Ray-Born Modelling and Full Waveform Inversion

Abstract

Seismic forward modelling is used to simulate seismic wave propagation in the subsurface. Common modelling techniques include methods such as the ray-Born approximation and the finite difference method. In this thesis I present a comparison between the ray-Born approximation and the finite difference method. This comparison consists of computing synthetic seismograms using both methods for several seismic velocity models and performing a comparison between them. The main motivation for this comparison is to see if the ray-Born approximation, which is known to be faster, provides enough accuracy to provide an efficient alternative to the finite difference method.

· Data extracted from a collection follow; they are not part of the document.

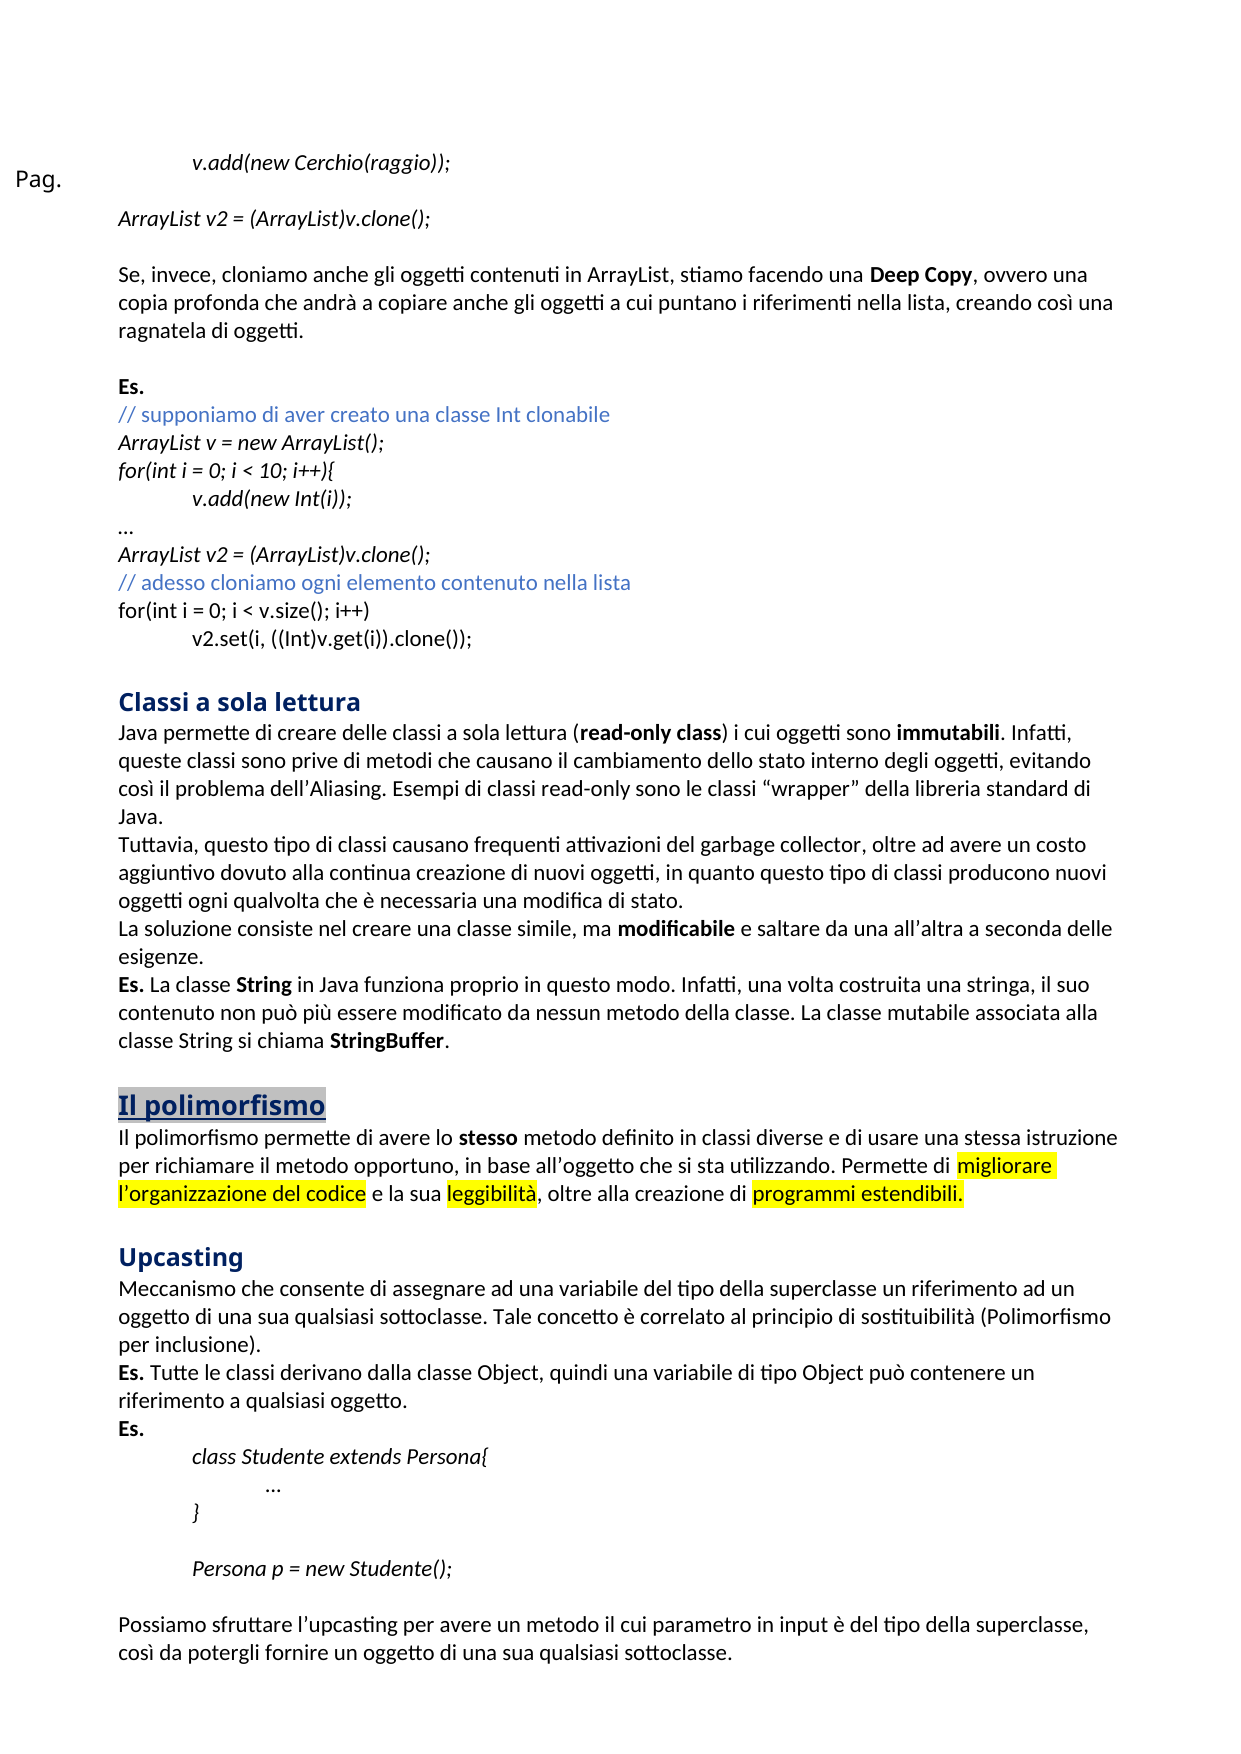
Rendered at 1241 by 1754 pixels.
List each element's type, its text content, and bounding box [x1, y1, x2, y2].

text v2.set(i, ((Int)v.get(i)).clone()); [118, 624, 1122, 652]
text … [118, 1470, 1122, 1498]
text Es. [118, 1414, 1122, 1442]
text v.add(new Cerchio(raggio)); [118, 148, 1122, 176]
text Es. Tutte le classi derivano dalla classe Object, quindi una variabile di tipo Object può contenere un riferimento a qualsiasi oggetto. [118, 1358, 1122, 1414]
text Se, invece, cloniamo anche gli oggetti contenuti in ArrayList, stiamo facendo una Deep Copy, ovvero una copia profonda che andrà a copiare anche gli oggetti a cui puntano i riferimenti nella lista, creando così una ragnatela di oggetti. [118, 260, 1122, 344]
text Es. [118, 372, 1122, 400]
text ArrayList v2 = (ArrayList)v.clone(); [118, 540, 1122, 568]
text for(int i = 0; i < v.size(); i++) [118, 596, 1122, 624]
text Tuttavia, questo tipo di classi causano frequenti attivazioni del garbage collector, oltre ad avere un costo aggiuntivo dovuto alla continua creazione di nuovi oggetti, in quanto questo tipo di classi producono nuovi oggetti ogni qualvolta che è necessaria una modifica di stato. [118, 830, 1122, 914]
subtitle Upcasting [118, 1240, 1122, 1274]
text Meccanismo che consente di assegnare ad una variabile del tipo della superclasse un riferimento ad un oggetto di una sua qualsiasi sottoclasse. Tale concetto è correlato al principio di sostituibilità (Polimorfismo per inclusione). [118, 1274, 1122, 1358]
text La soluzione consiste nel creare una classe simile, ma modificabile e saltare da una all’altra a seconda delle esigenze. [118, 914, 1122, 970]
text Es. La classe String in Java funziona proprio in questo modo. Infatti, una volta costruita una stringa, il suo contenuto non può più essere modificato da nessun metodo della classe. La classe mutabile associata alla classe String si chiama StringBuffer. [118, 970, 1122, 1054]
text … [118, 512, 1122, 540]
text Il polimorfismo permette di avere lo stesso metodo definito in classi diverse e di usare una stessa istruzione per richiamare il metodo opportuno, in base all’oggetto che si sta utilizzando. Permette di migliorare l’organizzazione del codice e la sua leggibilità, oltre alla creazione di programmi estendibili. [118, 1123, 1122, 1208]
subtitle Classi a sola lettura [118, 684, 1122, 718]
subtitle Il polimorfismo [118, 1087, 1122, 1123]
text ArrayList v = new ArrayList(); [118, 428, 1122, 456]
text Possiamo sfruttare l’upcasting per avere un metodo il cui parametro in input è del tipo della superclasse, così da potergli fornire un oggetto di una sua qualsiasi sottoclasse. [118, 1610, 1122, 1666]
text } [118, 1498, 1122, 1526]
text ArrayList v2 = (ArrayList)v.clone(); [118, 204, 1122, 232]
text Persona p = new Studente(); [118, 1554, 1122, 1582]
text Java permette di creare delle classi a sola lettura (read-only class) i cui oggetti sono immutabili. Infatti, queste classi sono prive di metodi che causano il cambiamento dello stato interno degli oggetti, evitando così il problema dell’Aliasing. Esempi di classi read-only sono le classi “wrapper” della libreria standard di Java. [118, 718, 1122, 830]
text // adesso cloniamo ogni elemento contenuto nella lista [118, 568, 1122, 596]
text class Studente extends Persona{ [118, 1442, 1122, 1470]
text for(int i = 0; i < 10; i++){ [118, 456, 1122, 484]
text v.add(new Int(i)); [118, 484, 1122, 512]
text // supponiamo di aver creato una classe Int clonabile [118, 400, 1122, 428]

The ray-Born approximation was found to be sufficiently accurate in cases where the velocity model did not have large velocity contrasts and multipathing did not occur. In those cases the method can replace the finite difference method in forward modelling algorithms. Full waveform inversion is a technique that is used to compute a model of the subsurface given the seismic data recorded at the surface. In order to perform full waveform inversion, forward modelling is an obvious requirement. Traditional full waveform inversion algorithms use the finite difference method to perform forward modelling and the cost of the computation is therefore high. In order to reduce the cost of the inversion, a full waveform inversion algorithm that uses the ray-Born approximation instead of the finite difference method has been developed. The results from the full waveform inversion when using the ray-Born approximation show that it is possible to achieve an accurate reproduction of the subsurface at a greatly reduced cost compared to the finite difference method. The ray-Born approximation is therefore evaluated to be a method that can replace the finite difference method both in forward modelling and in full waveform inversion algorithms.